By coordinating the intensity of the lights with the position of the window shades you can achieve many looks for single room. Left: The room looks bright and cheery when the drapes are open. Right: The artwork looks more dramatic when the drapes are shut. © Lutron Electronics Co. Inc.
April 01, 2005 by Lisa Montgomery

How’s the view at your house? If you’re lucky enough to own a slice of heaven by the lake, the mountains, a city skyline or rolling flower-covered meadows, the landscape outside is probably one of your home’s best features. If you were smart, you probably lined the exterior of your house with plenty of large windows to take advantage of the eye candy.

But as great as those windows are at capturing the view, there will be times when you’ll want to cover them up. When you’re watching a movie, for example, you’ll want to close the drapes to prevent sunlight from washing out the bright, beautiful picture on your new big-screen TV. When you’re strolling around in your robe after a shower, you’ll probably want to pull the shades shut for privacy. And when the morning sun is baking the backside of your new couch, you’ll want the shutters closed so that the UV rays won’t fade the crimson fabric into a hideous shade of pink.

Window coverings are good for other reasons, too. They can help keep your house warm during the winter and cool during the summer, and they can add a touch of elegance to the interior design. So as much as you might hate to lose even an inch of the view, in many homes, hanging shades, drapes and blinds simply makes good sense.

Push-Button Draperies
Some homeowners have made the best of the situation by buying window treatments that can be controlled electronically. The fabric—be it a heavy-duty shade or a flimsy decorative sheer—is attached to a standard-looking rod, roller or track that has a small motor built in. When this motor is triggered, it moves the fabric over the window. A handheld remote is commonly used to activate the motor, which means you can simply press a button to position the window treatments instead of having to tug them into place manually. “Having that kind of control is a huge convenience, particularly in larger homes,” says home systems installer Jan Vitrofsky of HED South, based in Hollywood, FL.

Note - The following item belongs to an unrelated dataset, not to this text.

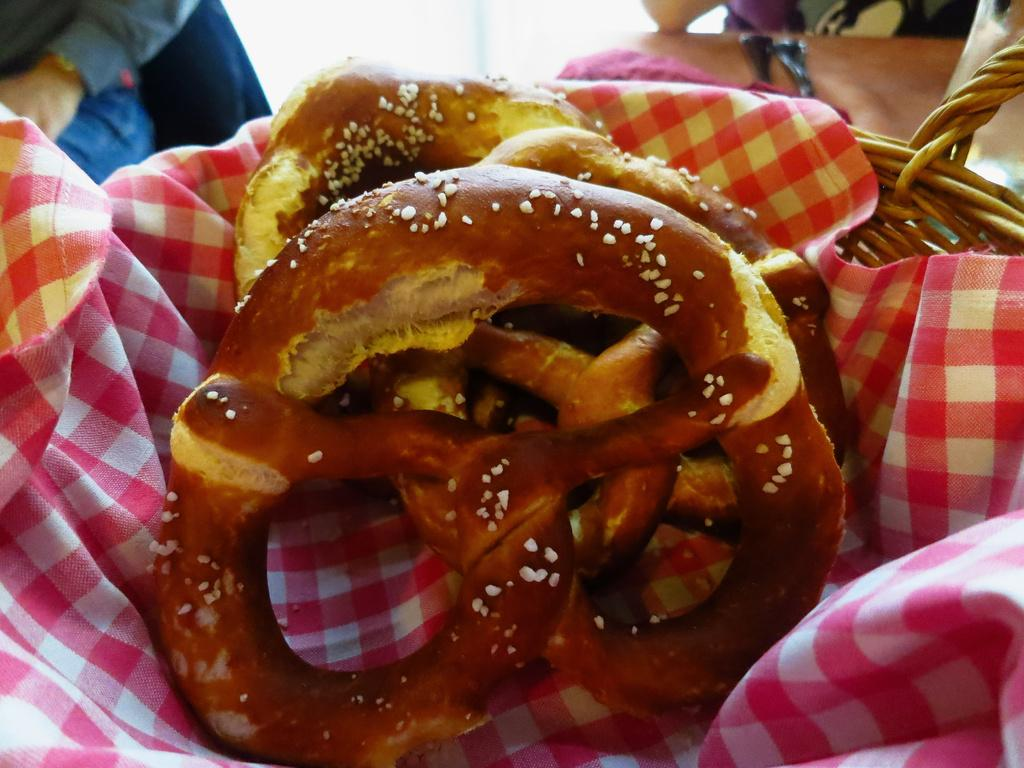What types of items can be seen in the image? There are food items and a basket containing cloth in the image. Can you describe the contents of the basket? The basket contains cloth. Are there any people visible in the image? Yes, there are two people in the background of the image. What type of fiction is the bee reading in the morning in the image? There is no bee or any reading material present in the image.

Convenience is a good reason to outfit your home with electronically controlled window coverings. But recently, manufacturers, home systems installers and lighting designers have started to focus on the importance of these types of treatments to the overall lighting effect of a room. It’s fairly easy to see the connection between natural light (sunlight) and artificial light: The more sunlight a room receives, the less you may need to use the light fixtures to illuminate the space. On the flip side, when there’s less sunlight available, you may want the room lights at their brightest levels. “It’s all about achieving a pleasing balance,” says Gary Meshberg, director of marketing for Lightolier Controls, a manufacturer of residential lighting systems. “When the light is balanced, the entire room looks better.”

The problem is that most people don’t have the time or the patience to fiddle around with the window shades and dimmer switches to get the right look. That’s why lighting control manufacturers and controllable shading manufacturers have teamed up to develop solutions that coordinate the positions of the shades with the intensity of the lights. When a room’s lights and shades are in sync, some pretty amazing things can happen. For example, at the press of a button, a good morning command could simultaneously raise the shades and brighten the lights in the bathroom. Later, you could tap away to turn off all the lights and close all the window treatments while your family is at work and school. It’s even possible to have the shades and lights adjust automatically according to the position of the sun.

Combo Packages
One of the first lighting control manufacturers to branch off into the shading business was Lutron Electronics. In 2001, the company’s flagship HomeWorks lighting control system was engineered to communicate seamlessly with motorized window treatments from Vimco. Before long, Lutron purchased Vimco and began selling shades as a complement to its lighting solutions. Today, Lutron manufactures its own controllable roller and Roman shades in a variety of fabrics and colors, as well as motorized tracks for draperies. The move into the window-covering business differentiated Lutron from other lighting control manufacturers and helped establish shading as an important element of a home’s overall lighting scheme.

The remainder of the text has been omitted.